Broken up over six audio tracks, the 18 short stories and poems here range the gamut from traditional horror themes (vampires, zombies) to some
inventive premises (parasitic waterbed creatures, Satan re-imagined as a leather daddy). Heralded by an atmospheric blend of ambient sounds and music tracks, each track chillingly comes to life in the voice of the author himself. Helder’s intonation and diction are skillfully bereft of distracting inflection or nuance here, allowing the tales to be delivered untainted to the listener who is free to imagine Helder’s vivid and always poetic imagery in the unadulterated hues distinct to one’s own horror palate.

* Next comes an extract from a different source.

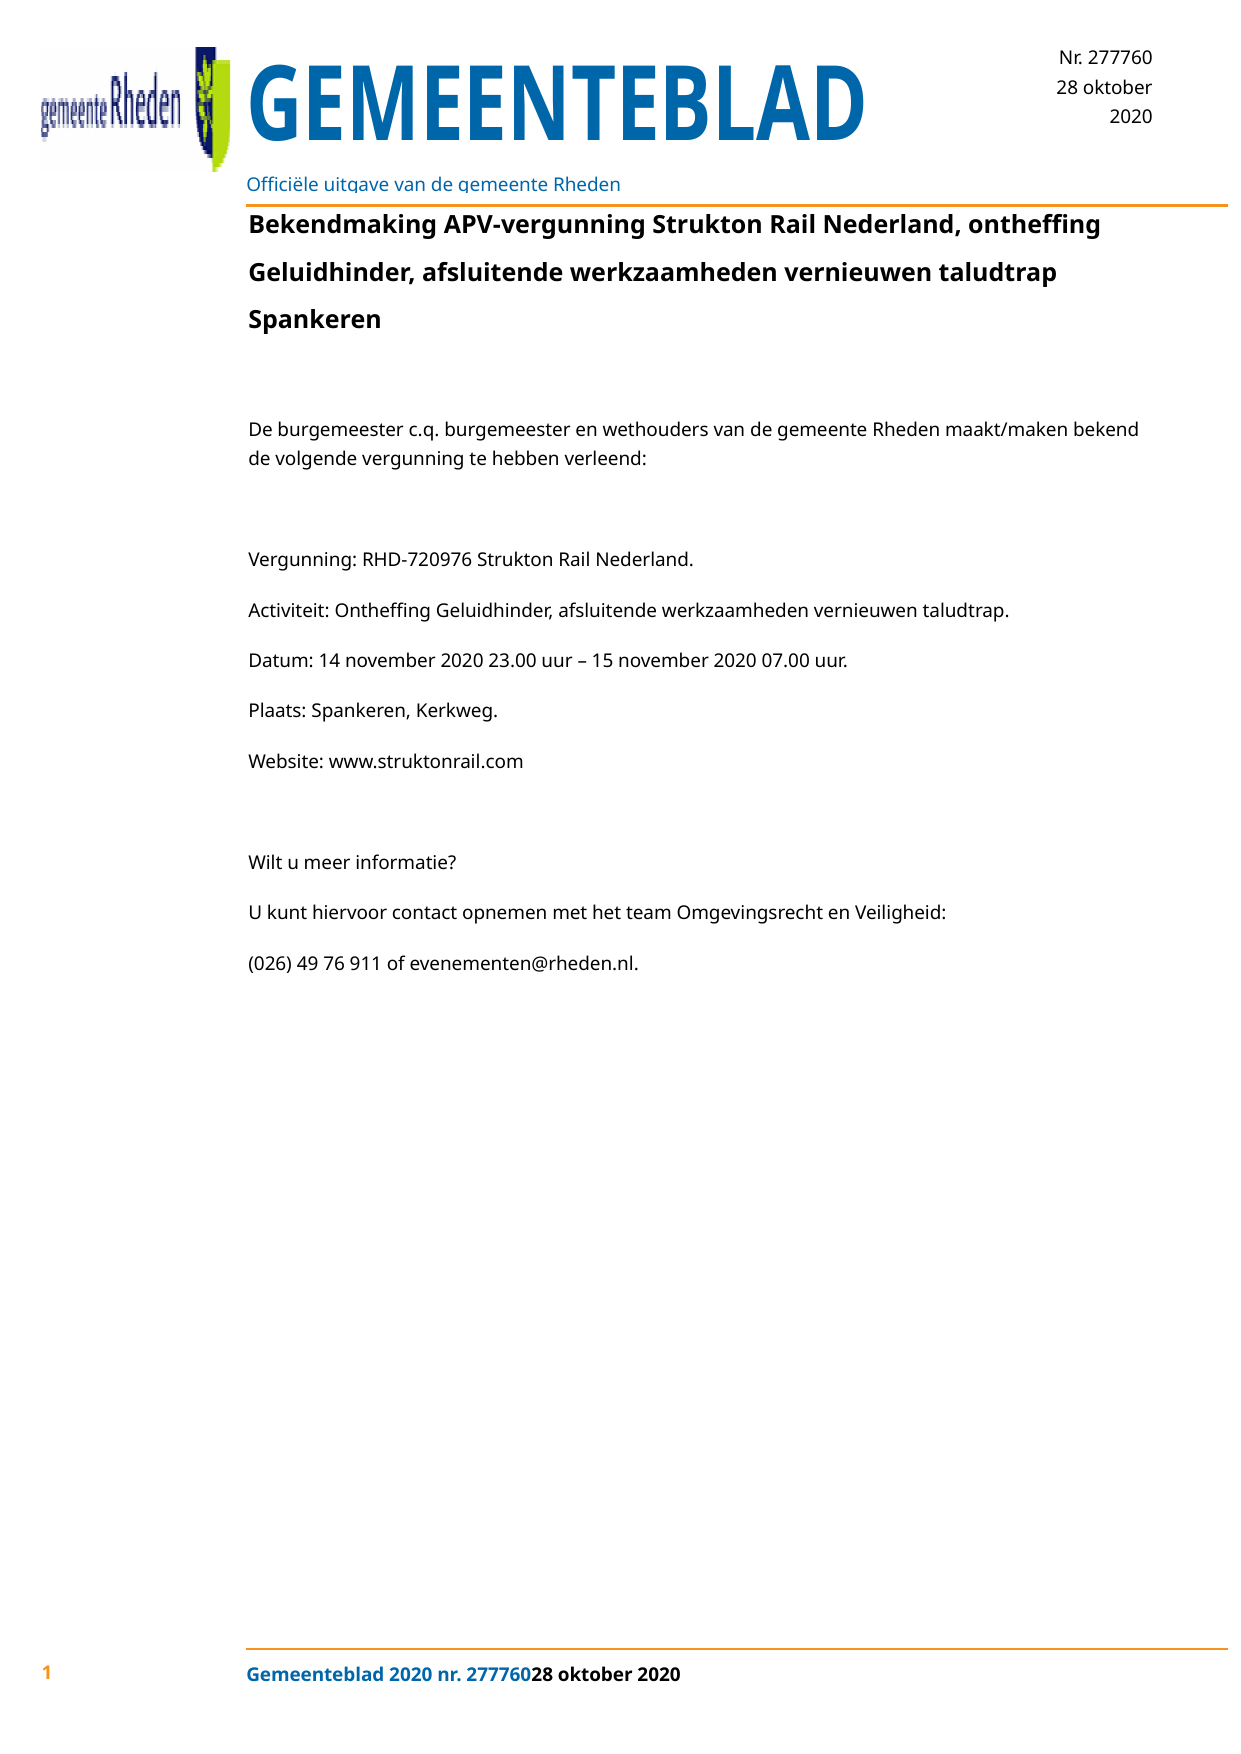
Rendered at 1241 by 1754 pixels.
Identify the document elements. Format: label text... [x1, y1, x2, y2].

In “Apes”, Helder paints a bleak post-apocalyptic world in which detainees at an acculturation center receive hormonal and psychotropic injections to cure their homosexuality. Through telepathic communication with hybrid apes – a veritable smorgasbord of guerilla, orangutan, and chimpanzee, with a little human DNA thrown in for good measure – three men plot an escape with heartrending results. In “Car Crash Vampire” and its seeming sequel “Car Cash Detectives”, Helder delivers a grisly and unnerving tale of one bloodsucker’s penchant for using auto wrecks to trap his prey. See if his dramatic descriptions of the titular fiend slithering through broken windshields to feast on the mangled bodies of car crash victims doesn’t make your skin crawl. “Under The Ice” is a creepy tale of a gay bashing-turned-murder that leads to ghostly revenge set against the chilling backdrop of a frozen lake.
The three standouts here are “Bob, The Anti-Christ”, in which Helder serves up an allegorical tale of gay cruising in which Satan is a leather chaps-
wearing daddy bear looking for love with a heavy metal-loving teen poet who just may or may not be his long-lost progeny (think a Jesus-nun bride relationship versus icky father-son stuff here, Helder assures us), “Hansel and Gretel”, a disturbing re-imagining of the classic Brothers Grimm fairy tale in which forests morph into suburban malls and cannibal witches become tech-savvy child predators for the digital age, and “Dracula in the Corn”, a virtuoso vampire story in which a wealthy billionaire builds the ultimate Midwestern horror attraction using the actual bricks of Dracula’s Transylvanian castle. Helder would be wise to mine deep this last tale of vampire horror in the heartland – there’s a brilliant horror novel here that could very well be the Jurassic Park of vampire lore.
In The Turn of Invisible Methods, Helder takes listeners on a deliciously horrifying audio ride through the subversive workings of a keen horror storyteller. Like the finest haunted house attraction, it’s a ride you’ll want to take again and again in all its ghastly glory.